I can't see it being the size of a lawnmower for any agricultural tractor, nor do I see it as a self managing tractor (yet) there are too many variables that require human intervention.


----------



## dvcochran (Oct 1, 2017)

slowzuki said:


> Again, the claim that windmills produce less energy than they take to build is incorrect.


Partly true. The initial cost of $2 million per MW takes an average 22 years to pay back for a commercial utility scale unit. This does Not include maintenance and repair cost which is still an unestablished number but it is a Big number.

One unit suffering catastrophic failure can make an entire wind farm become upside down for the entire expected lifecycle.


----------



## slowzuki (Mar 8, 2011)

Payback time depends completely what market you're located in. In markets with high energy costs or with a premium for renewables turbines are paying for themselves much faster than that. The ones with high availability do well too.

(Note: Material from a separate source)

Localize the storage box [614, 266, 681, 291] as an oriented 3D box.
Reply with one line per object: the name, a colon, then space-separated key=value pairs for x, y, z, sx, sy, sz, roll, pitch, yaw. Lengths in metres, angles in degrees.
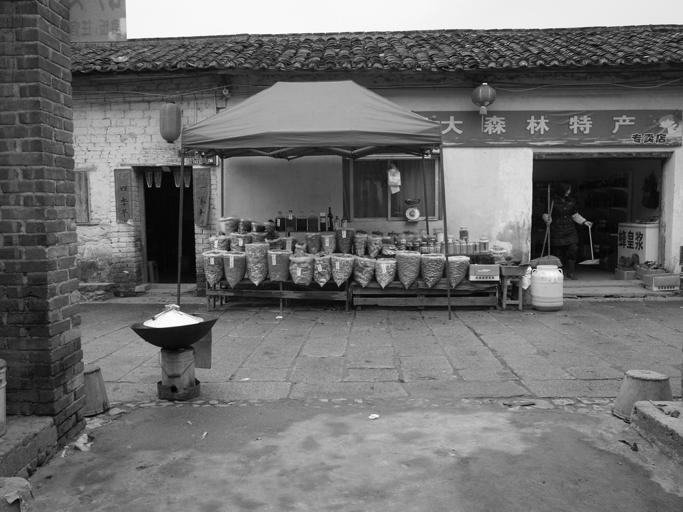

The trendy green ego projects of sticking turbines in unsuitable locations with poor markets are much, much worse than your numbers dragging averages down.



dvcochran said:


> Partly true. The initial cost of $2 million per MW takes an average 22 years to pay back for a commercial utility scale unit. This does Not include maintenance and repair cost which is still an unestablished number but it is a Big number.
> 
> One unit suffering catastrophic failure can make an entire wind farm become upside down for the entire expected lifecycle.


----------



## dvcochran (Oct 1, 2017)

slowzuki said:


> Payback time depends completely what market you're located in. In markets with high energy costs or with a premium for renewables turbines are paying for themselves much faster than that. The ones with high availability do well too.
> 
> The trendy green ego projects of sticking turbines in unsuitable locations with poor markets are much, much worse than your numbers dragging averages down.


In the same fashion the ego projects are affecting payback. Loss is loss. I would more believe only a select few farms are truly profitable.

When the startup cost is flattened (with economics/politics or tech, etc...) it will get much better. I do think it is part of our future. Is it a fossil fuel replacement? Not by a long shot, yet.


----------



## Farmineer95 (Aug 11, 2014)

Cash flow on average is certainly a valid point, but I had the motive in mind and the results of the motive. Initial push is to reduce daily carbon emissions, reduce carbon footprint. All the material and construction processes emit carbon. I’d like to know the carbon cost of one operating wind turbine. When all the fossil fuels are “outlawed” and vehicles are then electric, the energy still needs a source. The initial motive is to reduce carbon footprint, but now we need more electricity, and updates to the grid. I’m not convinced it was thought through. We can’t just plug everything in and expect it to work with more changes.


----------